An Israeli government panel’s MSF report released in December recommended denying the organization’s license. It mainly pointed to the group’s criticism of Israel, including calling its actions in Gaza genocide and its months-long ban on food entering the territory earlier this year as a “starvation tactic.” The statement said these remarks violated neutrality and constituted “Israel’s loss of legitimacy.”

The report also reiterated that an MSF employee killed in an Israeli airstrike in 2024 was an operative of the Islamic Jihad militant group. The report said this showed that Médecins Sans Frontières “maintains links with terrorist organizations.”

Médecins Sans Frontières denied the accusations on Friday, saying it would “never knowingly employ anyone involved in military activities”. It said its statement cited by Israel merely described the devastation its team had witnessed in Gaza.

“The fault lies with those who committed these atrocities, not those who spoke about them,” it said.

Aid groups have one week from December 31 to appeal the process.

Medical services may be most affected

Independent NGOs play an important role in supporting Gaza’s health sector, which has been devastated by two years of Israeli bombing and supply restrictions.

Médecins Sans Frontières said Israel’s decision would have a catastrophic impact on its work in Gaza, where it provides funding and international staff to six hospitals and operates two field hospitals and eight primary health centres, clinics and medical points. It also operates two of Gaza’s five stabilization centers, helping severely malnourished children.

The organization says its teams have treated 100,000 trauma cases, performed surgeries on 10,000 patients and handled one-third of Gaza’s births. The company has 60 international staff and more than 1,200 local staff in the West Bank and Gaza, the majority of whom are medical professionals.

Doctors Without Borders has brought in about 7% of the 2,239 tons (2,032 metric tons) of medical supplies that Israel has allowed into Gaza since the ceasefire began in early October, according to a U.N. tracking dashboard. That makes it the largest supplier of medical supplies after United Nations agencies and the Red Cross, the dashboard shows.

Doctors Worldwide, another organization whose license was revoked, also operates four other primary health clinics.

Palestinian staff are overburdened

Aid groups say the most immediate impact may be the inability to send international staff into Gaza.

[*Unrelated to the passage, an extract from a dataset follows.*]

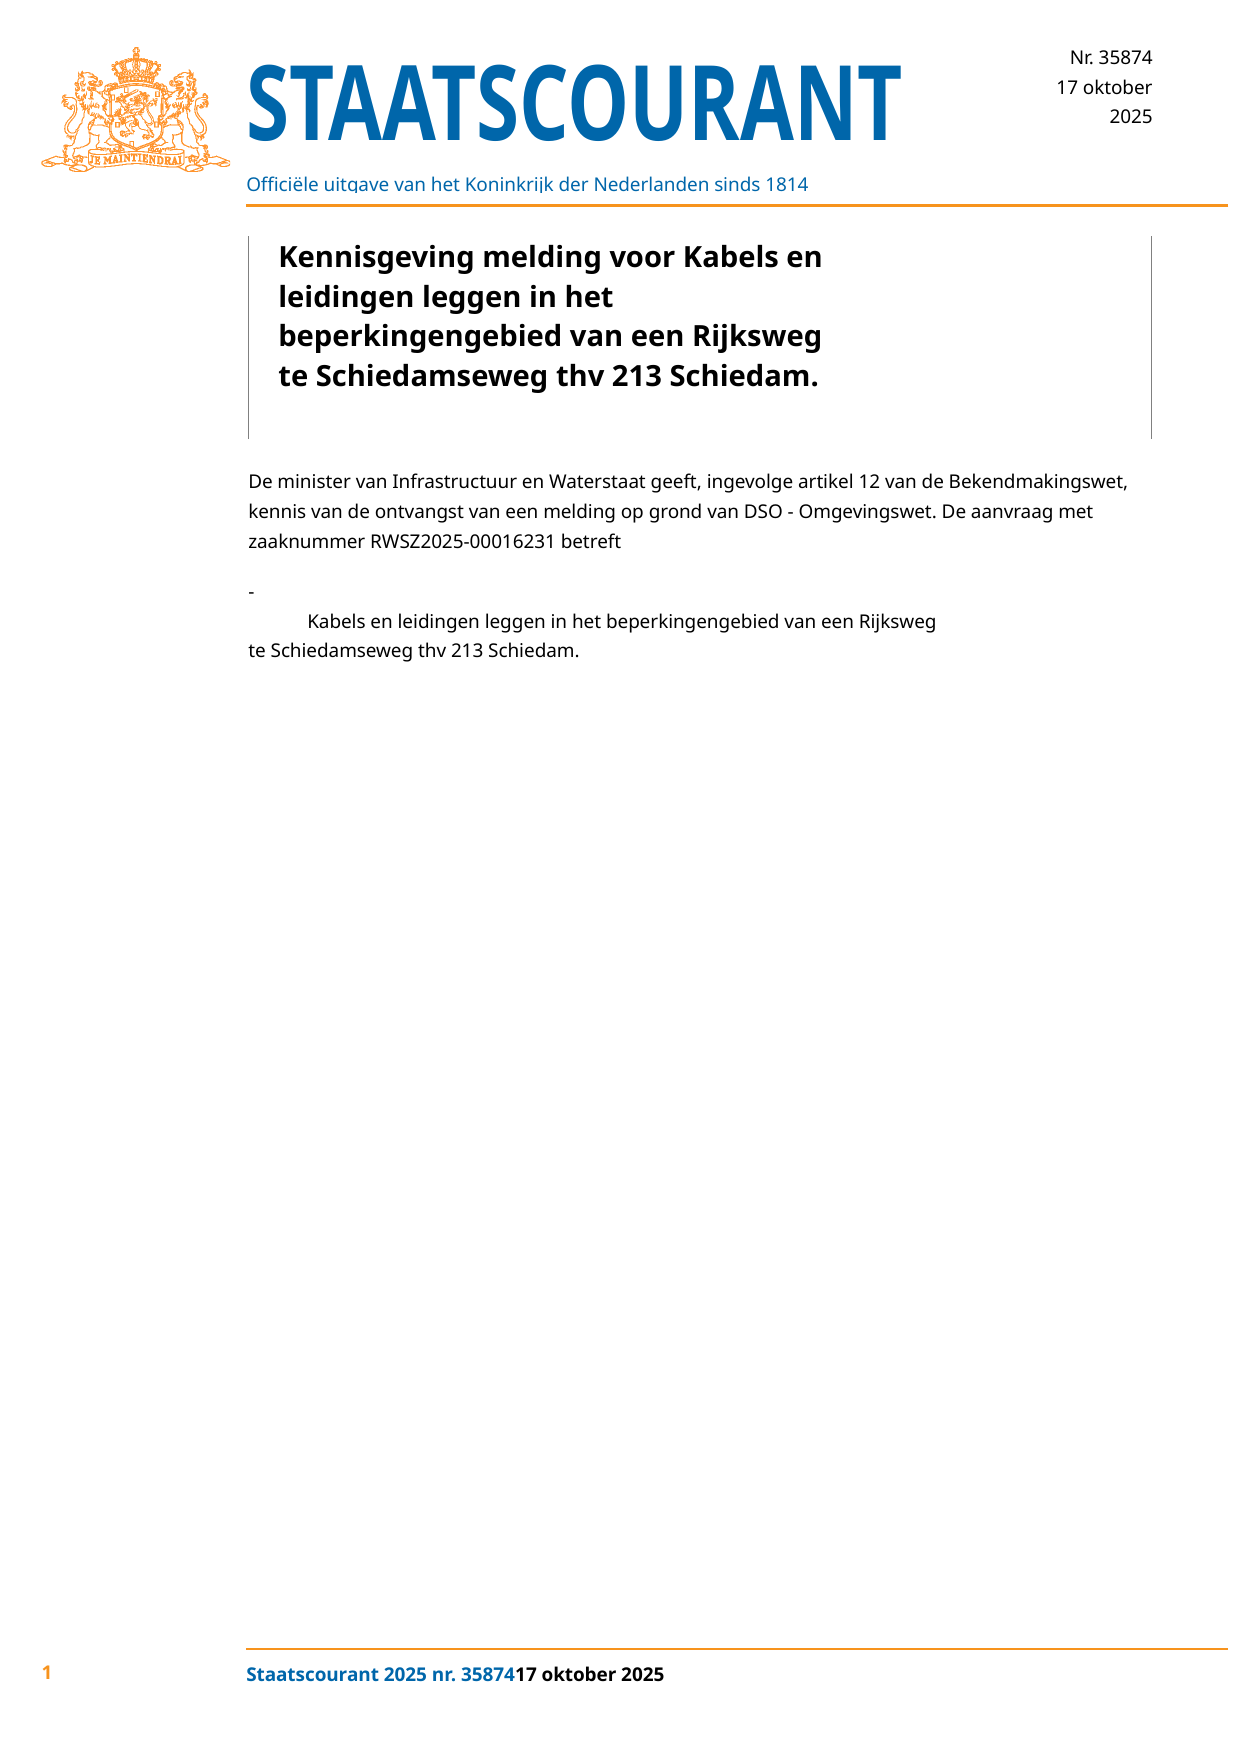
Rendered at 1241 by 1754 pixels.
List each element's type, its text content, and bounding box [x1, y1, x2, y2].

Expatriate staff provide critical technical expertise and emotional support to Palestinian colleagues.

“Having an international presence in Gaza can boost the morale of our staff who already feel isolated,” said Shaina Low, communications adviser for the Norwegian Refugee Council, one of the leading NGOs providing shelter supplies and fresh water to displaced people.

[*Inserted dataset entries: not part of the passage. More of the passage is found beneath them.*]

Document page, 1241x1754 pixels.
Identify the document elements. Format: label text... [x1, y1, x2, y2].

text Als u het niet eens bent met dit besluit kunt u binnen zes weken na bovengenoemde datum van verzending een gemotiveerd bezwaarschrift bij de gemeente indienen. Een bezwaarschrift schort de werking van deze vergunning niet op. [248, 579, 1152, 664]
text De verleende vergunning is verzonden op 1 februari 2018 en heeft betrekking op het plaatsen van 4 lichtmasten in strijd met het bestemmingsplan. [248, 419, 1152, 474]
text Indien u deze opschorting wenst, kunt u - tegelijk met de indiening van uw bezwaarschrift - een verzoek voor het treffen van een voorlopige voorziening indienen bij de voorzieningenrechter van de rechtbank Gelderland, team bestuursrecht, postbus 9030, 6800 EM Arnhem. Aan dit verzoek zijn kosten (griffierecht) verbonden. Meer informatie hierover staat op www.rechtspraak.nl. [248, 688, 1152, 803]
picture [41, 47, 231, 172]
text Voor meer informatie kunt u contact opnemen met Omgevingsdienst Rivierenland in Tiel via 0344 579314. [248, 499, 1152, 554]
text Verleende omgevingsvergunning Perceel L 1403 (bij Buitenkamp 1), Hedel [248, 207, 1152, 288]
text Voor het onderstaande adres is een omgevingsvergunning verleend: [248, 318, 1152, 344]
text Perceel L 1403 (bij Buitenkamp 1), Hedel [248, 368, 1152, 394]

The NRC has about 30 international staff who rotate in and out of Gaza along with about 70 Palestinians.

While any operations of the 37 organizations in the West Bank may remain open, those with offices in East Jerusalem, which Israel considers its territory, may have to close.

Stop supply

Many of the 37 organizations have been blocked from delivering supplies to Gaza since March, said Bushra Khalidi, Oxfam’s head of policy for Israel and the occupied Palestinian territories.

The change brought about by the formal revocation of the license is that “these practices are now formalized, allowing Israel to restrict movement with complete impunity and shut out organizations with which it disagrees,” she said.

She said some groups have turned to buying supplies inside Gaza rather than importing them, but that is slower and more costly. Other groups dug into reserve inventories, reduced allocations, and had to use broken or overhauled equipment because they couldn’t bring in new equipment.

American humanitarian philanthropist Ahmed Khan, who has been privately donating medicine and emergency nutrition to Gaza children, said the impact was not limited to aid organizations.

He relies on NGOs to receive and distribute supplies, but the fewer groups approved by Israel, the harder it is to find one.

“This is death by bureaucracy,” he said.